You saw the movie "Sully"? Good. My son and I heard him speak at Walmart, a few feet away from us. He received two thunderous standing ovations. |
When we drive down to Springdale, we discuss the meeting and read the tea leaves about how things were expressed at the meeting. Our daughter-in-law comes down separately with the grandchildren, because schedules vary and they often have her exquisite, homemade cheesecake to share. In that interim, LI explains current business issues to his mother, and I get the grill ready.

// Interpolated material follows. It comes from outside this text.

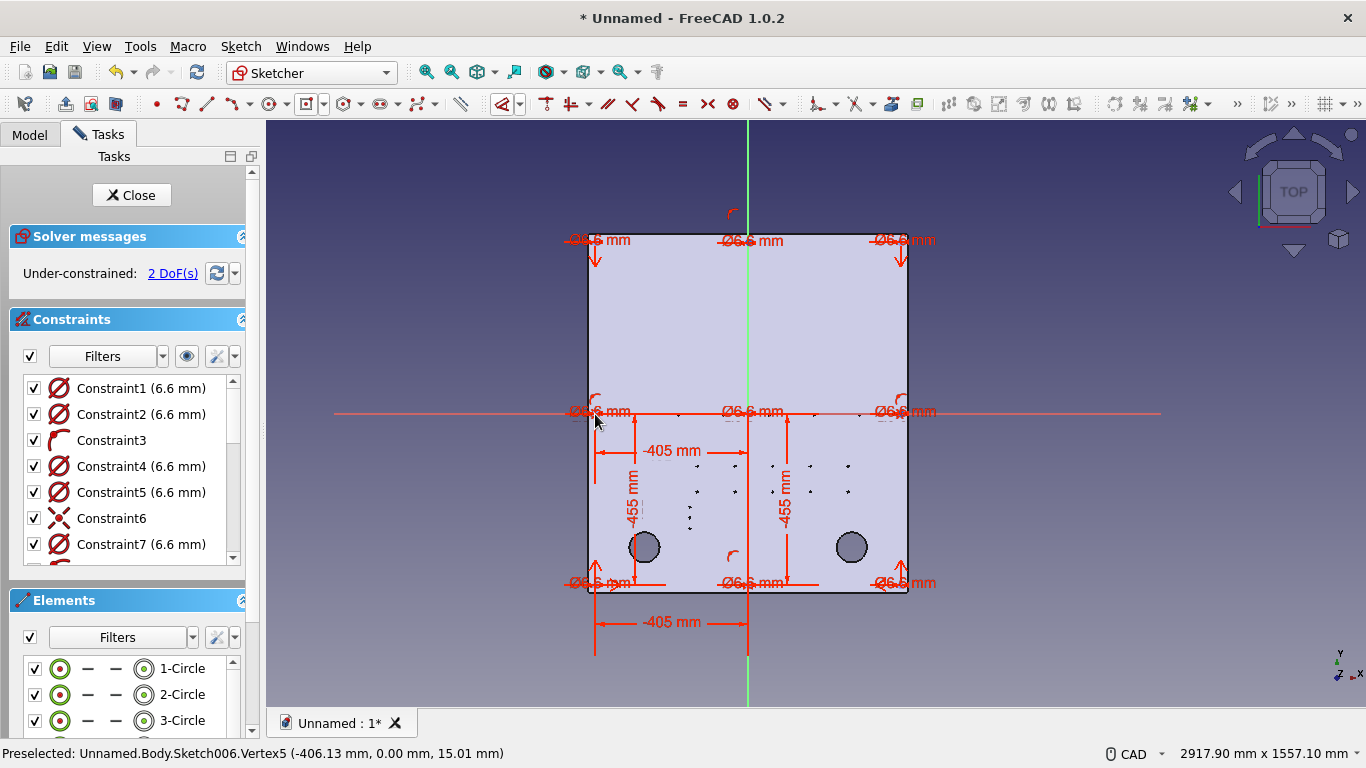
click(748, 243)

Long ago I was influenced by two theories. One is that confidence comes from time children spend with parents. Children are spoiled by stuff given to them to make up for lack of time with their parents, but they are not spoiled by affection and time spent with them. The second theory is quite similar and came from a famous business speaker. He said, "There is no such thing as quality time. Measure the hours your child is with others. That is the way to measure influence, not one hour of time per week that is called quality time."
LI grew up in a parsonage, and we home-schooled him for a year before he went to a WELS prep school. I tutored him in Latin, Greek, and Hebrew. The goal in Latin and Greek was to be able to sight read and translate the entire Gospel of John, without English words written in the margins. We translated Jonah to learn Hebrew. In those required prep and college language classes, he was far beyond struggling with the basics and ended up tutoring others, already at the prep school and also - at the request of faculty - at Northwestern College. Naturally, he learned more from the start and still more from tutoring in Latin and Greek. He volunteered some of my acerbic comments about the art of making the classics deadly boring - right in class. Faculty reactions varied.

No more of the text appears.